Award-winning actor Elio Germano stars in two standout selections this year. He won Best Actor at the Rome Film Festival for his role as Enrico Berlinguer, former leader of the Italian Communist Party, in Andrea Segre’s The Great Ambition, which makes its North American premiere. Germano also appears alongside Toni Servillo in the New York premiere of Sicilian Letters by Antonio Piazza and Fabio Grassadonia, a bold take on the Italian crime film that earned multiple critics’ awards at Venice.

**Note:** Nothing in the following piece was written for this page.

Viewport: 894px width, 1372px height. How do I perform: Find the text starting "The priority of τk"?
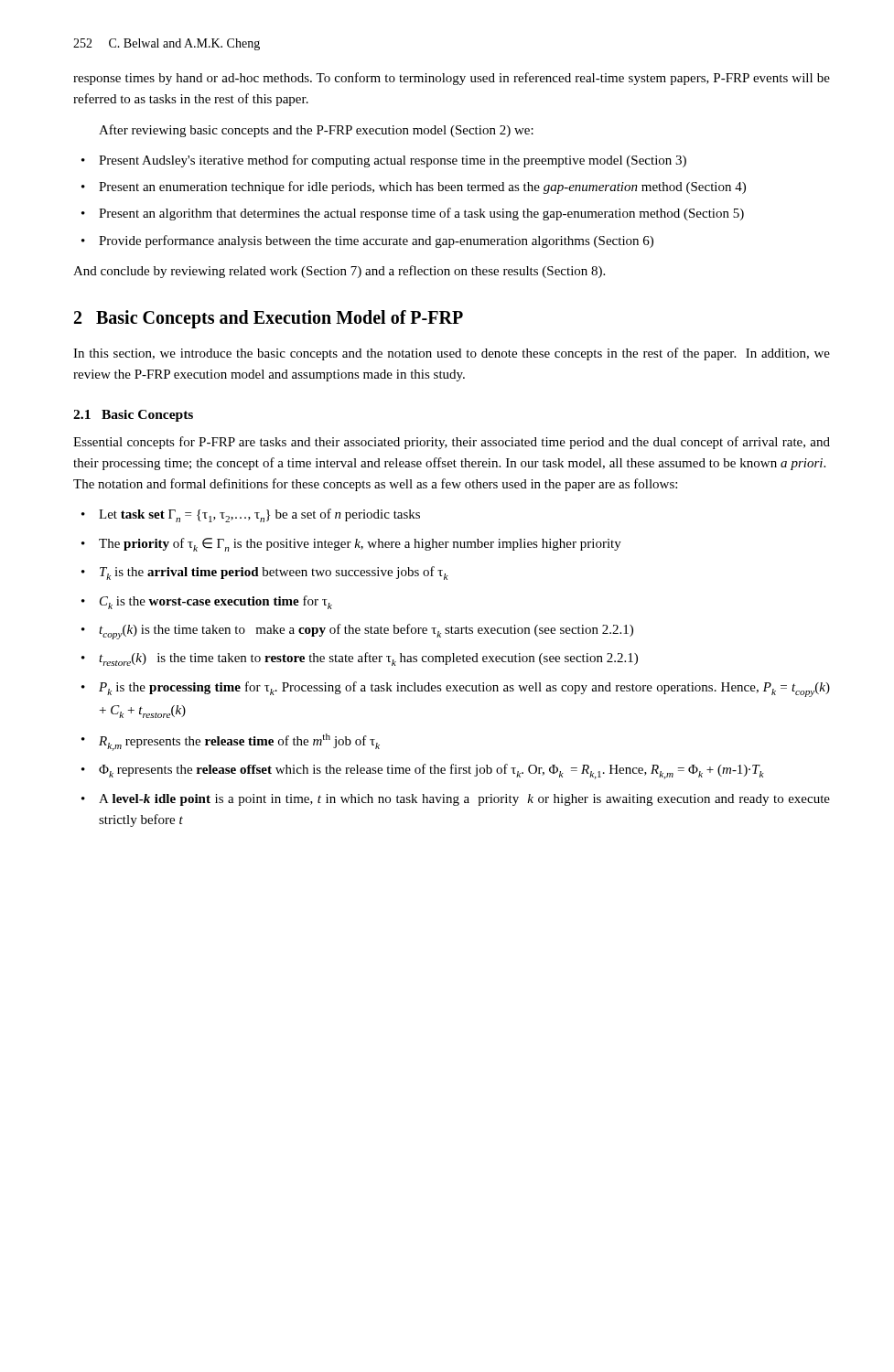click(x=360, y=544)

North American premieres of additional emerging voices from Italy making their first Open Roads appearances and feature film debuts are: Liryc Dela Cruz’s Where the Night Stands Still, centering on the reunion of three Filipino siblings and their lingering resentments after the eldest inherits a villa from her boss; Isabella Torre’s hypnotic Basileia, making its North American premiere following its Closing Film selection at the 2024 Venice Film Festival’s Venice Days sidebar, about the supernatural consequences of an illegal archaeological dig in southern Calabria; and Alissa Jung’s Paternal Leave, a sensitive story of a daughter reconnecting with her father, which made its world premiere at the Berlinale. Finally, the New York premiere of Sara Fgaier’s feature debut, Weightless, is about an amnesiac’s efforts to recover his memories of a forgotten love.
Open Roads: New Italian Cinema is co-presented by Film at Lincoln Center and Cinecittà.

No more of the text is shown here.